ASSIGNMENT: Only lines holding the word "Meters" should be copied from the material.

__________________________________________________

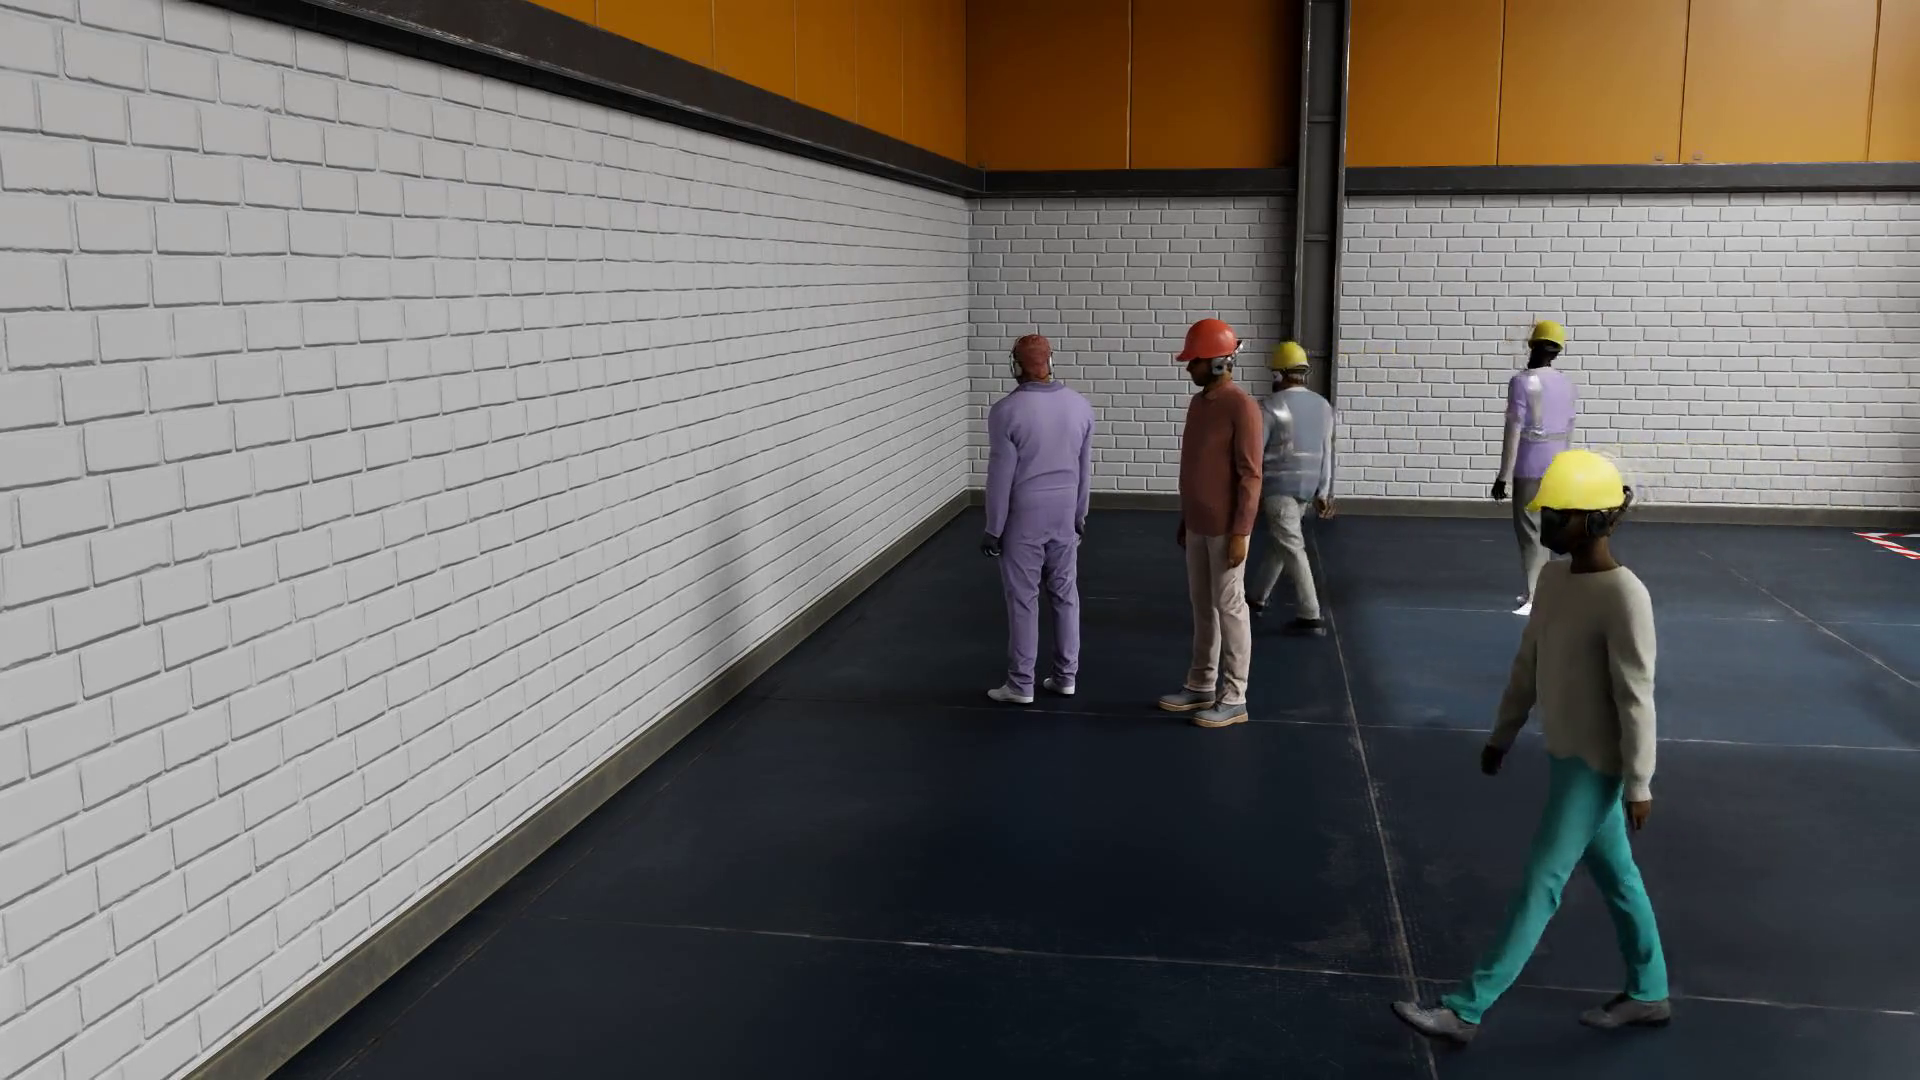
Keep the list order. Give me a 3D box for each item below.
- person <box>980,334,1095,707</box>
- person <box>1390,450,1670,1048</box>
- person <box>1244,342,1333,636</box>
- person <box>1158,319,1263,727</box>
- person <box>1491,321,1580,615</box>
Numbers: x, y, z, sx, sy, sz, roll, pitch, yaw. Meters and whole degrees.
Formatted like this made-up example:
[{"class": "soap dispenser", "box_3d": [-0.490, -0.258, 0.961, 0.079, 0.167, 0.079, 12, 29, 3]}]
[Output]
[{"class": "person", "box_3d": [0.375, -0.100, 8.546, 0.639, 1.902, 0.406, -6, 11, -33]}, {"class": "person", "box_3d": [1.678, 0.608, 4.706, 0.927, 1.720, 0.533, -1, 9, -3]}, {"class": "person", "box_3d": [1.982, -0.331, 10.335, 0.602, 1.784, 0.921, -6, 11, -34]}, {"class": "person", "box_3d": [1.236, -0.083, 8.164, 0.392, 1.988, 0.608, -3, 10, -20]}, {"class": "person", "box_3d": [3.745, -0.436, 10.762, 0.609, 1.913, 0.389, -7, 11, -35]}]
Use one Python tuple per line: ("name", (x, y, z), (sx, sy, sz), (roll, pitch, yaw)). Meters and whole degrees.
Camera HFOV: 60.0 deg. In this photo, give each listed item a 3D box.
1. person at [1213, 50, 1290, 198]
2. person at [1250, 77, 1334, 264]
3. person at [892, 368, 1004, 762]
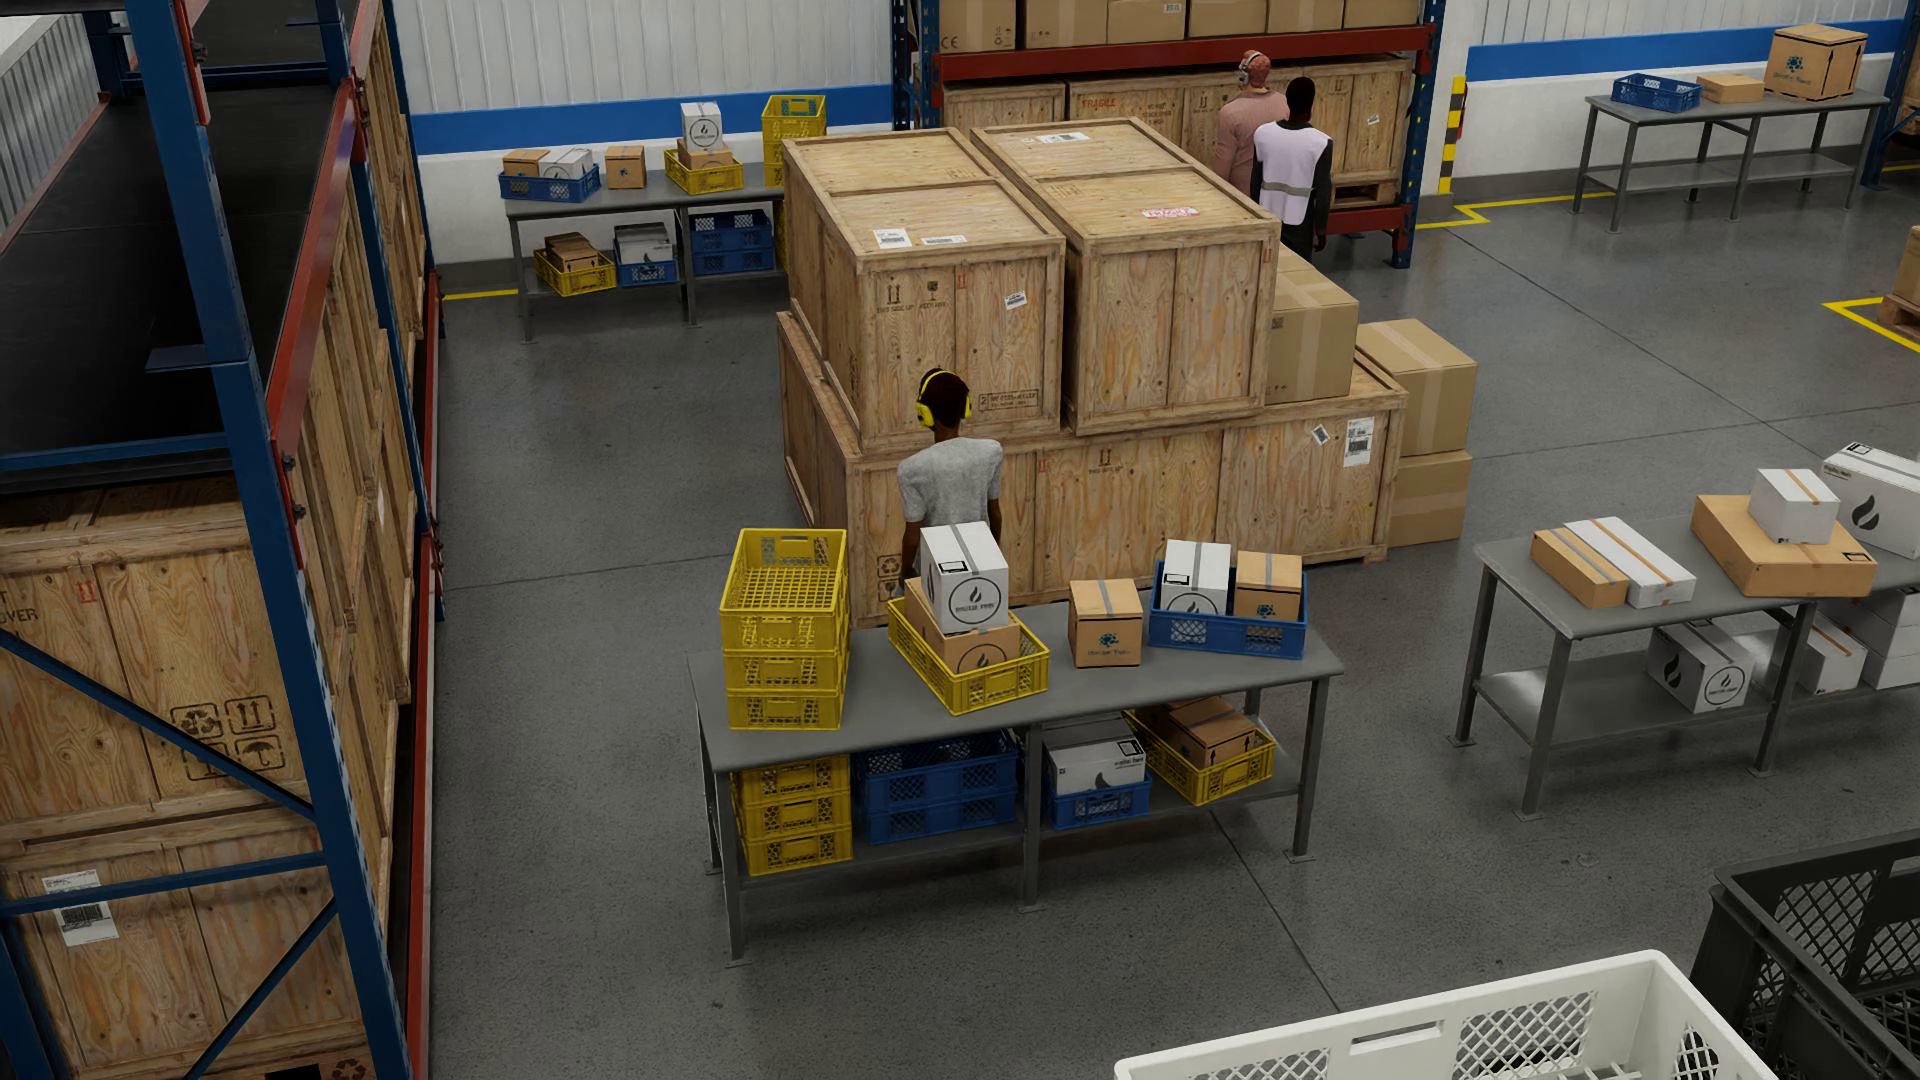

__________________________________________________

EXERCISE OUTPUT:
Numbers: x, y, z, sx, sy, sz, roll, pitch, yaw. Meters and whole degrees.
Use one Python tuple per line: ("name", (x, y, z), (sx, sy, sz), (roll, pitch, yaw)). Meters and whole degrees.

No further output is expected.